At 2015-02-27 19:30:20, "David Vrabel" <david.vra...@citrix.com> wrote:
>On 27/02/15 10:59, Wei Liu wrote:
>> 
>> Persistent grant is not silver bullet. There is email thread on the
>> list discussing whether it should be removed in block driver.
>
>Persistent grants for to-guest network traffic is a flawed idea.  It
>either requires:
>
>a) the backend to memcpy into the mapped grant /and/ the frontend to
>memcpy out of the persistently mapped pool.  This is clearly going to be
>worse for memory bandwidth than a single grant copy.
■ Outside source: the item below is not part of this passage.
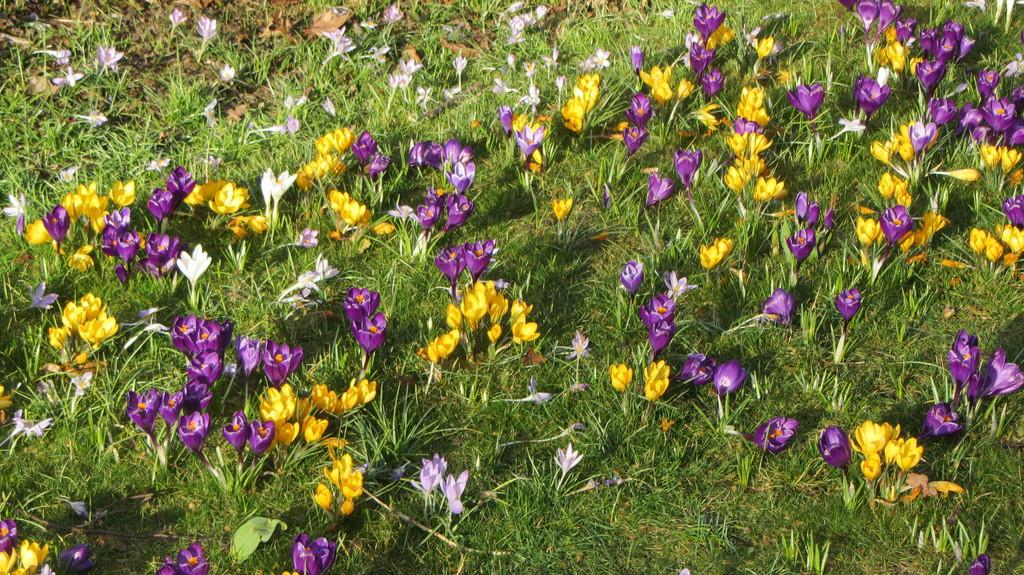What type of plants can be seen in the image? There are flower plants in the image. What colors do the flowers have? The flowers have various colors, including purple and yellow. How many students are being taught by the flowers in the image? There is no indication of teaching or students in the image; it features flower plants with various colors. What type of feet can be seen on the flowers in the image? Flowers do not have feet, as they are plants. 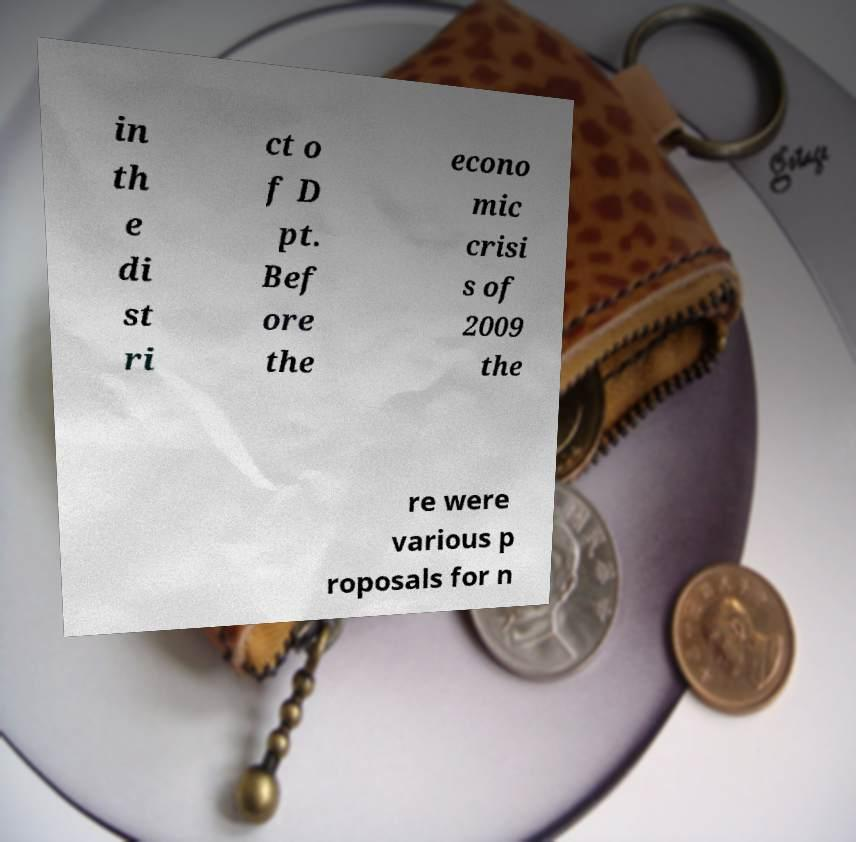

Yes, persistent grant method does use more DomU's cpu than grant copy method. 


However, the persistent way does have one more memcpy operation than grant 
copy, but it has two less "mmap" operation than grant copy and no hypercall 
too. I have examined the code for grant copy, it needs to "mmap" the memory 
from src and dest domain to hypervisor,  then "memcpy" the data from src to 
dest. There will be more cpu used by hypervisor instead of DomU.


>or
>
>b) the backend to accumulate more and more mappings of guest memory,
>which is bad for security and it uses too many grant and map track
>resources hence it does not scale to many VIFs.

I find that persistent grant patch has a upper limit for amount of guest memory 
can be mapped by each queue of VIF. The limit seems to the VIF‘s ring size if I 
understand right, so the amount seems not high.
Under my benchmark, at least for single UDP flow, the persistent grant way has 
more higher throughout than grant copy way.